T.I. is hurtin' 'em. Peep this: "T.I. again succeeds himself at No. 1 on the Billboard Hot 100 as "Live Your Life" featuring Rihanna, trades places 2-1 with "Whatever You Like." On Oct. 9, "Life" replaced "Like," making T.I. the ninth artist in the rock era to do this." - The top debut of the week is a Jaime Foxx song featuring who else? T.I. Over a month in, his album (which did 1/2 a million in it's first week) is still top ten and headed for platinum by Christmas or sooner, most likely. Plus, his lyrical game gets tighter with each album.
Electrifying conclusion: Tip aint quite ready to concede the "Best Rapper Alive" or "King of the South" titles to Li'l Wayne just yet. He's building up quite the case before he enters prison. You can argue that on "Swagga Like Us" he had the best verse, matched against arguably the 3 best rappers in the game. Well done sir, well done.

So a lot of very influental folk (Ellen DeGeneres, Brad Pitt, Barbra Streisand, Melissa Etheridge, Steven Spielberg, Samuel L. Jackson, etc.) have put their influence behind the push to stop Proposition 8, which will overturn the rights to gay marriage in California if approved. Apparently, some were angry that longtime gay-friendly Madonna didn't do enough to help balance the scales. At her concert last night (where the big news was her bringing Britney and Justin together on the same stage {can you believe it! omg! that's too much fabulousness and gayness to handle in one building, let alone one stage!}) Madge said , "I am very sad to hear we didn't win Proposition 8. But we will not give up the fight. No, we will not. Never! If we got an African-American in the White House, we can have gay marriages." But one concertgoer said, "Too little, too late, Madge. Where was your money and influence before the vote?"

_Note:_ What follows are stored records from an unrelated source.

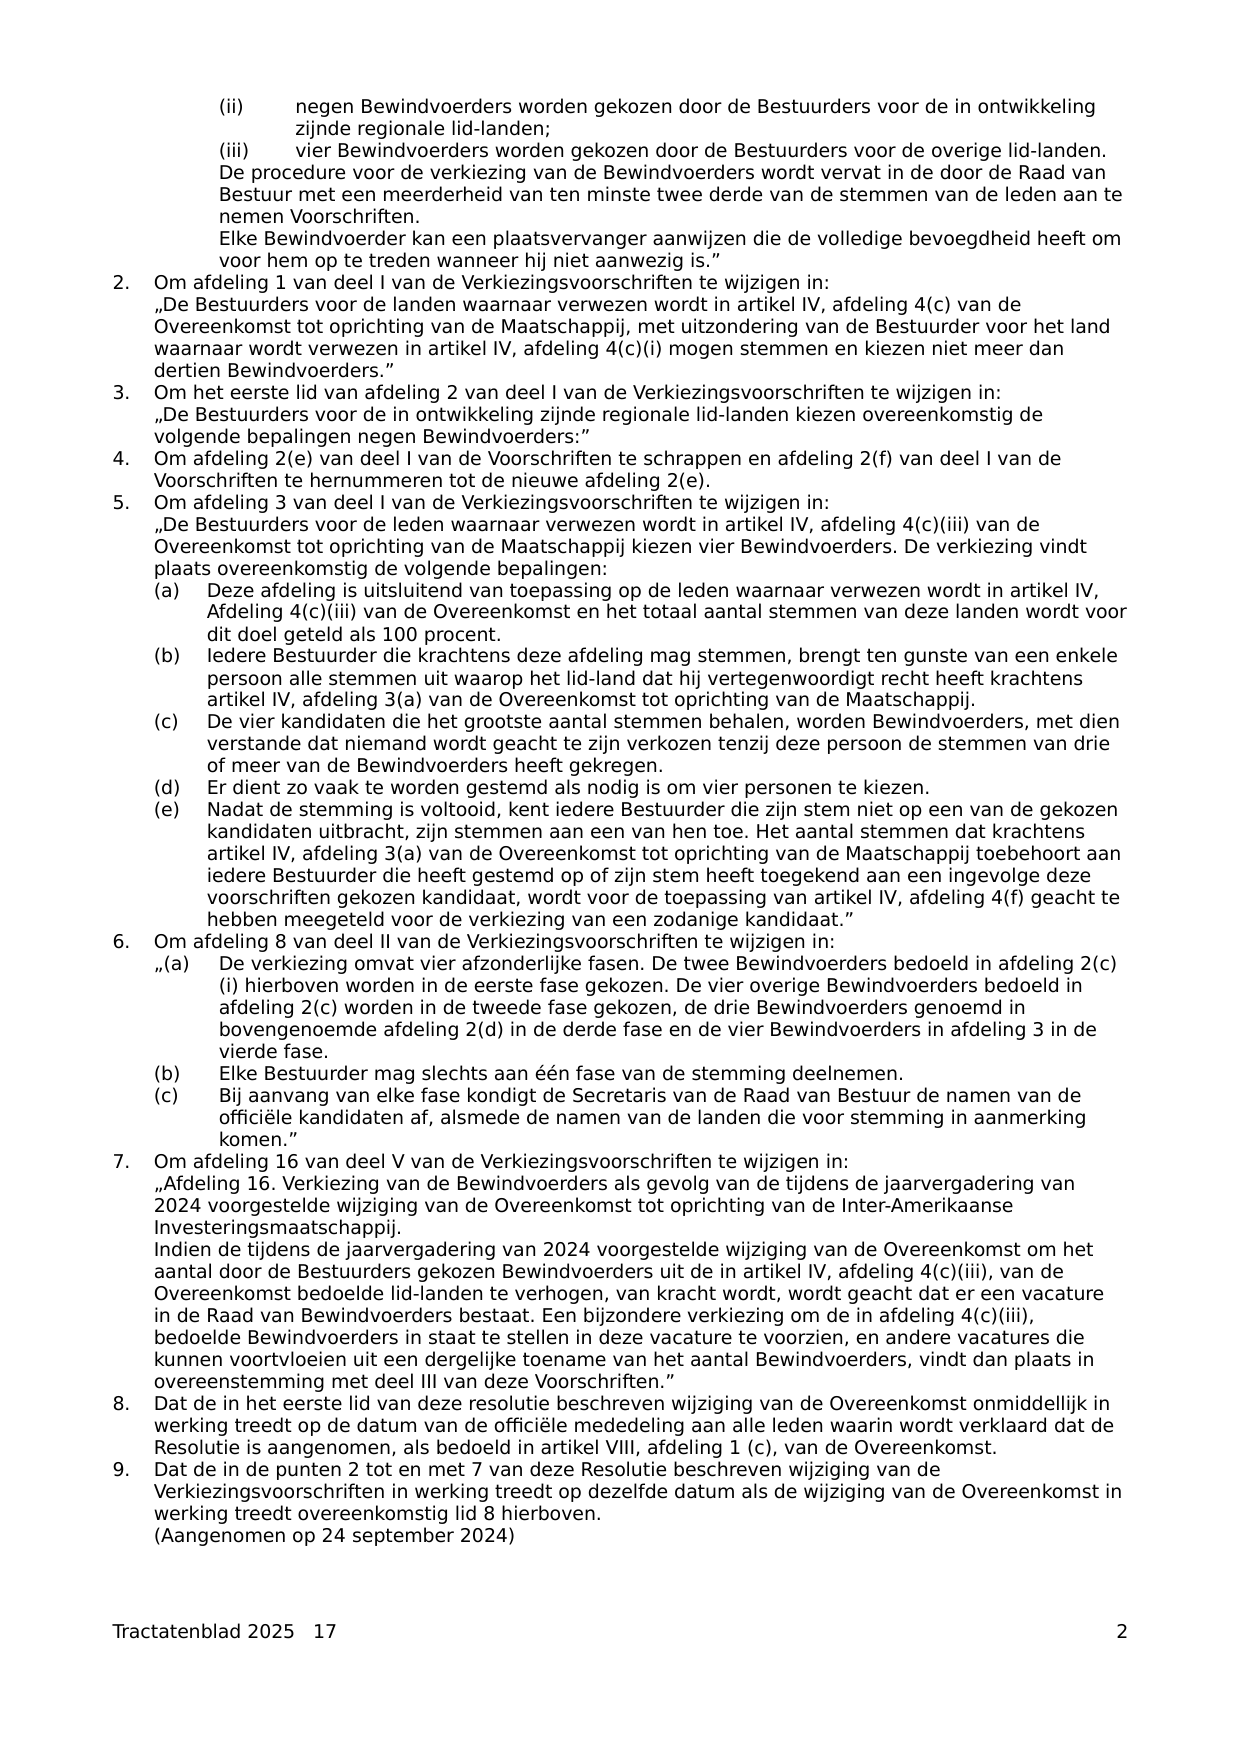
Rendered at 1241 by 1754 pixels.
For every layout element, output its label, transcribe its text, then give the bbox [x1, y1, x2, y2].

text 5. Om afdeling 3 van deel I van de Verkiezingsvoorschriften te wijzigen in: [112, 492, 1128, 513]
text „De Bestuurders voor de landen waarnaar verwezen wordt in artikel IV, afdeling 4(c) van de Overeenkomst tot oprichting van de Maatschappij, met uitzondering van de Bestuurder voor het land waarnaar wordt verwezen in artikel IV, afdeling 4(c)(i) mogen stemmen en kiezen niet meer dan dertien Bewindvoerders.” [153, 294, 1128, 382]
text (d) Er dient zo vaak te worden gestemd als nodig is om vier personen te kiezen. [153, 777, 1128, 799]
text Afdeling 4(c)(iii) van de Overeenkomst en het totaal aantal stemmen van deze landen wordt voor dit doel geteld als 100 procent. [207, 601, 1128, 645]
text „(a) De verkiezing omvat vier afzonderlijke fasen. De twee Bewindvoerders bedoeld in afdeling 2(c)(i) hierboven worden in de eerste fase gekozen. De vier overige Bewindvoerders bedoeld in afdeling 2(c) worden in de tweede fase gekozen, de drie Bewindvoerders genoemd in bovengenoemde afdeling 2(d) in de derde fase en de vier Bewindvoerders in afdeling 3 in de vierde fase. [153, 953, 1128, 1063]
text Elke Bewindvoerder kan een plaatsvervanger aanwijzen die de volledige bevoegdheid heeft om voor hem op te treden wanneer hij niet aanwezig is.” [218, 228, 1128, 272]
text 4. Om afdeling 2(e) van deel I van de Voorschriften te schrappen en afdeling 2(f) van deel I van de Voorschriften te hernummeren tot de nieuwe afdeling 2(e). [112, 448, 1128, 492]
text „Afdeling 16. Verkiezing van de Bewindvoerders als gevolg van de tijdens de jaarvergadering van 2024 voorgestelde wijziging van de Overeenkomst tot oprichting van de Inter-Amerikaanse Investeringsmaatschappij. [153, 1173, 1128, 1239]
text Indien de tijdens de jaarvergadering van 2024 voorgestelde wijziging van de Overeenkomst om het aantal door de Bestuurders gekozen Bewindvoerders uit de in artikel IV, afdeling 4(c)(iii), van de Overeenkomst bedoelde lid-landen te verhogen, van kracht wordt, wordt geacht dat er een vacature in de Raad van Bewindvoerders bestaat. Een bijzondere verkiezing om de in afdeling 4(c)(iii), bedoelde Bewindvoerders in staat te stellen in deze vacature te voorzien, en andere vacatures die kunnen voortvloeien uit een dergelijke toename van het aantal Bewindvoerders, vindt dan plaats in overeenstemming met deel III van deze Voorschriften.” [153, 1239, 1128, 1393]
text (iii) vier Bewindvoerders worden gekozen door de Bestuurders voor de overige lid-landen. [218, 140, 1128, 162]
text (ii) negen Bewindvoerders worden gekozen door de Bestuurders voor de in ontwikkeling zijnde regionale lid-landen; [218, 96, 1128, 140]
text (c) De vier kandidaten die het grootste aantal stemmen behalen, worden Bewindvoerders, met dien verstande dat niemand wordt geacht te zijn verkozen tenzij deze persoon de stemmen van drie of meer van de Bewindvoerders heeft gekregen. [153, 711, 1128, 777]
text (Aangenomen op 24 september 2024) [153, 1524, 1128, 1547]
text 2. Om afdeling 1 van deel I van de Verkiezingsvoorschriften te wijzigen in: [112, 272, 1128, 294]
text De procedure voor de verkiezing van de Bewindvoerders wordt vervat in de door de Raad van Bestuur met een meerderheid van ten minste twee derde van de stemmen van de leden aan te nemen Voorschriften. [218, 162, 1128, 228]
text 3. Om het eerste lid van afdeling 2 van deel I van de Verkiezingsvoorschriften te wijzigen in: [112, 382, 1128, 404]
text (b) Iedere Bestuurder die krachtens deze afdeling mag stemmen, brengt ten gunste van een enkele persoon alle stemmen uit waarop het lid-land dat hij vertegenwoordigt recht heeft krachtens artikel IV, afdeling 3(a) van de Overeenkomst tot oprichting van de Maatschappij. [153, 645, 1128, 711]
text „De Bestuurders voor de in ontwikkeling zijnde regionale lid-landen kiezen overeenkomstig de volgende bepalingen negen Bewindvoerders:” [153, 404, 1128, 448]
text (c) Bij aanvang van elke fase kondigt de Secretaris van de Raad van Bestuur de namen van de officiële kandidaten af, alsmede de namen van de landen die voor stemming in aanmerking komen.” [153, 1085, 1128, 1151]
text 6. Om afdeling 8 van deel II van de Verkiezingsvoorschriften te wijzigen in: [112, 931, 1128, 953]
text (e) Nadat de stemming is voltooid, kent iedere Bestuurder die zijn stem niet op een van de gekozen kandidaten uitbracht, zijn stemmen aan een van hen toe. Het aantal stemmen dat krachtens artikel IV, afdeling 3(a) van de Overeenkomst tot oprichting van de Maatschappij toebehoort aan iedere Bestuurder die heeft gestemd op of zijn stem heeft toegekend aan een ingevolge deze voorschriften gekozen kandidaat, wordt voor de toepassing van artikel IV, afdeling 4(f) geacht te hebben meegeteld voor de verkiezing van een zodanige kandidaat.” [153, 799, 1128, 931]
text (b) Elke Bestuurder mag slechts aan één fase van de stemming deelnemen. [153, 1063, 1128, 1085]
text „De Bestuurders voor de leden waarnaar verwezen wordt in artikel IV, afdeling 4(c)(iii) van de Overeenkomst tot oprichting van de Maatschappij kiezen vier Bewindvoerders. De verkiezing vindt plaats overeenkomstig de volgende bepalingen: [153, 513, 1128, 579]
text 9. Dat de in de punten 2 tot en met 7 van deze Resolutie beschreven wijziging van de Verkiezingsvoorschriften in werking treedt op dezelfde datum als de wijziging van de Overeenkomst in werking treedt overeenkomstig lid 8 hierboven. [112, 1459, 1128, 1524]
text 8. Dat de in het eerste lid van deze resolutie beschreven wijziging van de Overeenkomst onmiddellijk in werking treedt op de datum van de officiële mededeling aan alle leden waarin wordt verklaard dat de Resolutie is aangenomen, als bedoeld in artikel VIII, afdeling 1 (c), van de Overeenkomst. [112, 1393, 1128, 1459]
text (a) Deze afdeling is uitsluitend van toepassing op de leden waarnaar verwezen wordt in artikel IV, [153, 579, 1128, 601]
text 7. Om afdeling 16 van deel V van de Verkiezingsvoorschriften te wijzigen in: [112, 1151, 1128, 1173]
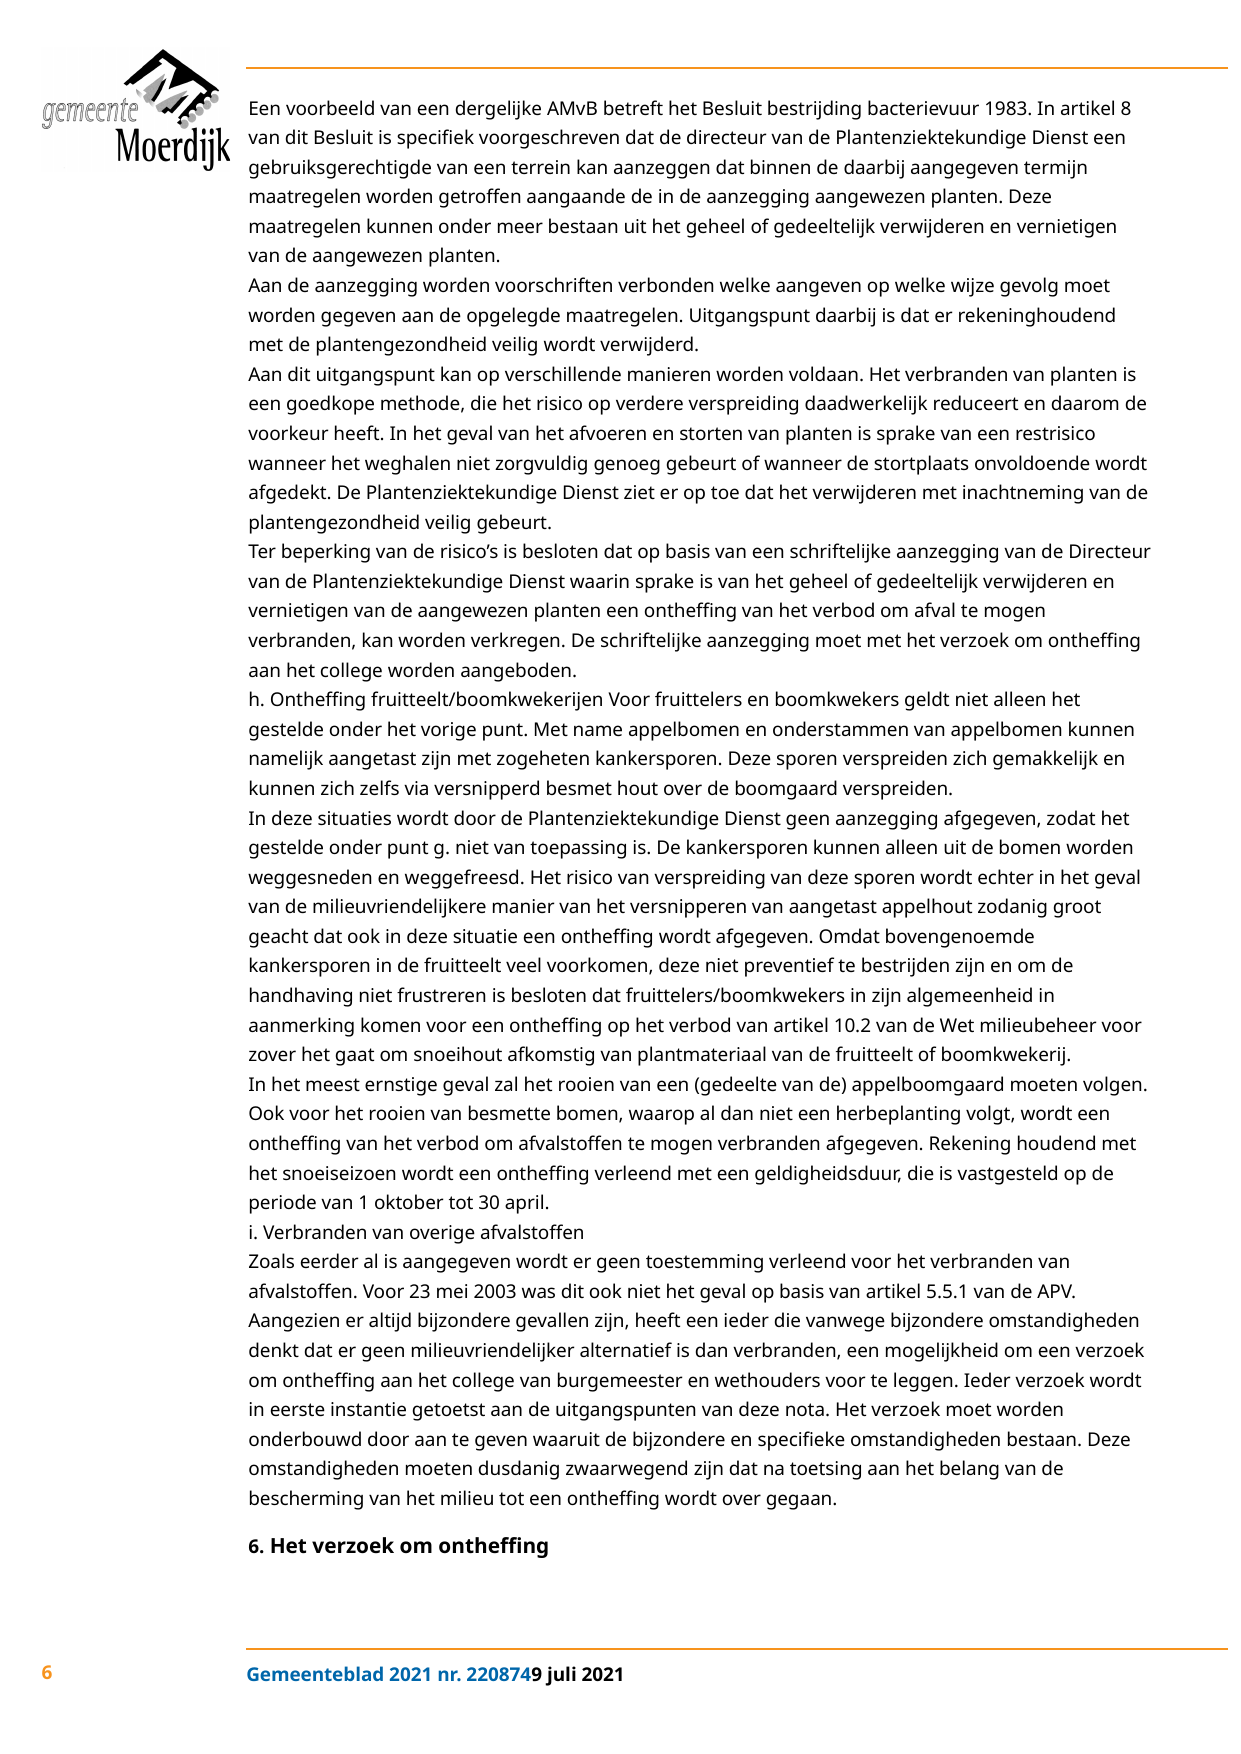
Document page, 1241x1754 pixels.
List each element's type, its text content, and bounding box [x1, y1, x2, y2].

picture [41, 47, 231, 172]
text 6. Het verzoek om ontheffing [248, 1531, 1152, 1559]
text Aan dit uitgangspunt kan op verschillende manieren worden voldaan. Het verbranden van planten is een goedkope methode, die het risico op verdere verspreiding daadwerkelijk reduceert en daarom de voorkeur heeft. In het geval van het afvoeren en storten van planten is sprake van een restrisico wanneer het weghalen niet zorgvuldig genoeg gebeurt of wanneer de stortplaats onvoldoende wordt afgedekt. De Plantenziektekundige Dienst ziet er op toe dat het verwijderen met inachtneming van de plantengezondheid veilig gebeurt. [248, 361, 1152, 535]
text Een voorbeeld van een dergelijke AMvB betreft het Besluit bestrijding bacterievuur 1983. In artikel 8 van dit Besluit is specifiek voorgeschreven dat de directeur van de Plantenziektekundige Dienst een gebruiksgerechtigde van een terrein kan aanzeggen dat binnen de daarbij aangegeven termijn maatregelen worden getroffen aangaande de in de aanzegging aangewezen planten. Deze maatregelen kunnen onder meer bestaan uit het geheel of gedeeltelijk verwijderen en vernietigen van de aangewezen planten. [248, 95, 1152, 268]
text Aan de aanzegging worden voorschriften verbonden welke aangeven op welke wijze gevolg moet worden gegeven aan de opgelegde maatregelen. Uitgangspunt daarbij is dat er rekeninghoudend met de plantengezondheid veilig wordt verwijderd. [248, 272, 1152, 357]
text Ter beperking van de risico’s is besloten dat op basis van een schriftelijke aanzegging van de Directeur van de Plantenziektekundige Dienst waarin sprake is van het geheel of gedeeltelijk verwijderen en vernietigen van de aangewezen planten een ontheffing van het verbod om afval te mogen verbranden, kan worden verkregen. De schriftelijke aanzegging moet met het verzoek om ontheffing aan het college worden aangeboden. [248, 538, 1152, 683]
text Aangezien er altijd bijzondere gevallen zijn, heeft een ieder die vanwege bijzondere omstandigheden denkt dat er geen milieuvriendelijker alternatief is dan verbranden, een mogelijkheid om een verzoek om ontheffing aan het college van burgemeester en wethouders voor te leggen. Ieder verzoek wordt in eerste instantie getoetst aan de uitgangspunten van deze nota. Het verzoek moet worden onderbouwd door aan te geven waaruit de bijzondere en specifieke omstandigheden bestaan. Deze omstandigheden moeten dusdanig zwaarwegend zijn dat na toetsing aan het belang van de bescherming van het milieu tot een ontheffing wordt over gegaan. [248, 1308, 1152, 1511]
text In deze situaties wordt door de Plantenziektekundige Dienst geen aanzegging afgegeven, zodat het gestelde onder punt g. niet van toepassing is. De kankersporen kunnen alleen uit de bomen worden weggesneden en weggefreesd. Het risico van verspreiding van deze sporen wordt echter in het geval van de milieuvriendelijkere manier van het versnipperen van aangetast appelhout zodanig groot geacht dat ook in deze situatie een ontheffing wordt afgegeven. Omdat bovengenoemde kankersporen in de fruitteelt veel voorkomen, deze niet preventief te bestrijden zijn en om de handhaving niet frustreren is besloten dat fruittelers/boomkwekers in zijn algemeenheid in aanmerking komen voor een ontheffing op het verbod van artikel 10.2 van de Wet milieubeheer voor zover het gaat om snoeihout afkomstig van plantmateriaal van de fruitteelt of boomkwekerij. [248, 805, 1152, 1067]
text i. Verbranden van overige afvalstoffen [248, 1219, 1152, 1245]
text h. Ontheffing fruitteelt/boomkwekerijen Voor fruittelers en boomkwekers geldt niet alleen het gestelde onder het vorige punt. Met name appelbomen en onderstammen van appelbomen kunnen namelijk aangetast zijn met zogeheten kankersporen. Deze sporen verspreiden zich gemakkelijk en kunnen zich zelfs via versnipperd besmet hout over de boomgaard verspreiden. [248, 686, 1152, 801]
text In het meest ernstige geval zal het rooien van een (gedeelte van de) appelboomgaard moeten volgen. Ook voor het rooien van besmette bomen, waarop al dan niet een herbeplanting volgt, wordt een ontheffing van het verbod om afvalstoffen te mogen verbranden afgegeven. Rekening houdend met het snoeiseizoen wordt een ontheffing verleend met een geldigheidsduur, die is vastgesteld op de periode van 1 oktober tot 30 april. [248, 1071, 1152, 1215]
text Zoals eerder al is aangegeven wordt er geen toestemming verleend voor het verbranden van afvalstoffen. Voor 23 mei 2003 was dit ook niet het geval op basis van artikel 5.5.1 van de APV. [248, 1248, 1152, 1304]

Electrifying conclusion: I guess a gay President would be the ultimate barrier-breaker, huh? It's like, "Fuck, we got a black in there, can it really be that hard to turn the White House into the Pink House?!" That concertgoer shouldn't have shit to say. If you don't like how Madge is spending her dough, then don't pay the hundreds of dollars I'm sure you paid to go see her live. Moron.
I'm StarPower, and I'm back to approving messages.